8                        Here, Butler did explain why he believed certain types of information that might be contained in the probation file of the complaining witness would be relevant and material to the defense theory.  He failed, however, to make a particularized showing that the probation file was likely to contain such information.  He offered no results from any independent investigation that would indicate that Patricia had previously suffered from blackouts or that she had discussed the current case with her probation agent.  Indeed, the probation agent denied that the file contained any such information.  Furthermore, with regard to information relating to Patricia’s truthfulness, the trial court noted that Butler could question the probation agent regarding any incidents relating to untruthfulness.  Butler made no showing that there was likely to be anything else in the file on the question of truthfulness that would not be cumulative to the testimony he could elicit.  In sum, Butler’s general allegations that the files might contain information about unspecified incidents that could undermine Patricia’s credibility were insufficient to compel an in camera review.  See Green, 253 Wis. 2d 356, ¶37.

9                        Butler next argues that the trial court violated his rights to due process and effective assistance of counsel by denying his request for a continuance.  The decision whether to grant an adjournment lies within the trial court’s discretion, and will not be subjected to “probing appellate scrutiny.”  State v. Leighton, 2000 WI App 156, ¶27, 237 Wis. 2d 709, 616 N.W.2d 126.  Rather, “this court’s task on review is to balance the defendant’s right to adequate representation by counsel against the public interest in the prompt and efficient administration of justice.”  Id.

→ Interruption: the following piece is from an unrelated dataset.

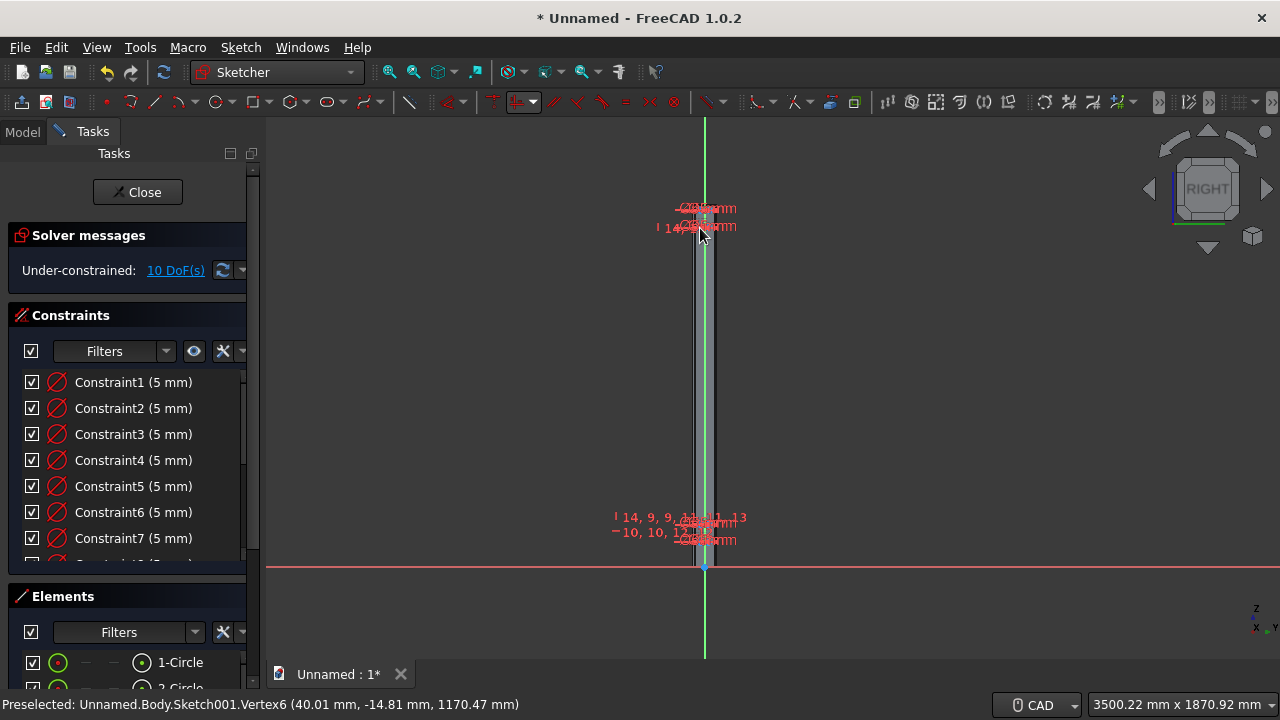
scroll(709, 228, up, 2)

10                        Here, as we have discussed above, Butler had failed to make a showing that the probation file was reasonably likely to contain relevant information necessary to a determination of guilt or innocence.  Therefore, there was no basis for the trial court to conclude that a continuance was necessary to allow Butler to attempt to obtain a redacted version of the file to prepare for trial.  The trial court reasonably weighed the low probability that a continuance would result in the disclosure of any additional exculpatory materials against the waste of judicial resources that would result from canceling a trial after the jury and witnesses were already in court.

                        By the Court.—Judgment and order affirmed.

                        This opinion will not be published.  Wis. Stat. Rule 809.23(1)(b)5 (2001-02).


 



[1]  In its postconviction order, the trial court decided to analyze the defense motion for an in camera inspection under the line of cases stemming from Brady v. Maryland, 373 U.S. 83 (1963), rather than those stemming from State v. Shiffra, 175 Wis. 2d 600, 499 N.W.2d 719 (Ct. App. 1993) because the records were in the exclusive possession of the State.  However, Shiffra applies to requests for access to confidential records regardless whether the records sought are in the exclusive possession of the state.  State v. Green, 2002 WI 68, ¶21 n.4, 253 Wis. 2d 356, 646 N.W.2d 298.  Because the reason given by the probation agent for denying Butler access to the file was that it contained confidential treatment records, we agree with both parties that the Shiffra analysis properly applies here.